■ **Recorded data**
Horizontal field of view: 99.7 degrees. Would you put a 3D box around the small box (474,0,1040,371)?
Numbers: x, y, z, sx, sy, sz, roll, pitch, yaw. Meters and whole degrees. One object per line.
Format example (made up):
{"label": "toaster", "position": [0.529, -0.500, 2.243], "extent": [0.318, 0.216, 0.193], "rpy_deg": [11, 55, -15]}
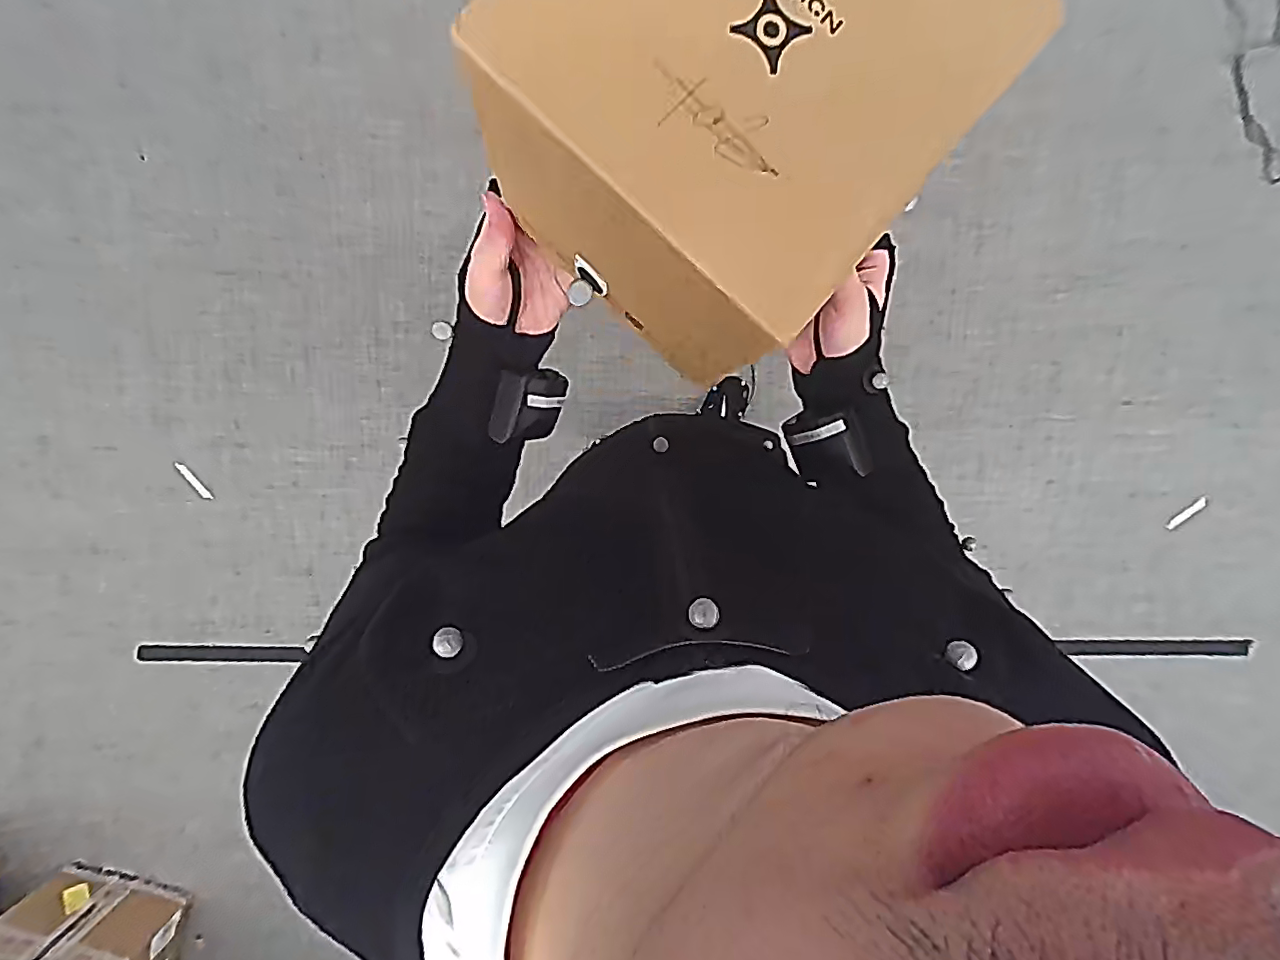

■ **What this task involves**
Without any pictures, transcribe the listing above exactly as written.

■ **Final answer**
Horizontal field of view: 99.7 degrees. Would you put a 3D box around the small box (474,0,1040,371)?
Numbers: x, y, z, sx, sy, sz, roll, pitch, yaw. Meters and whole degrees. One object per line.
Format example (made up):
{"label": "toaster", "position": [0.529, -0.500, 2.243], "extent": [0.318, 0.216, 0.193], "rpy_deg": [11, 55, -15]}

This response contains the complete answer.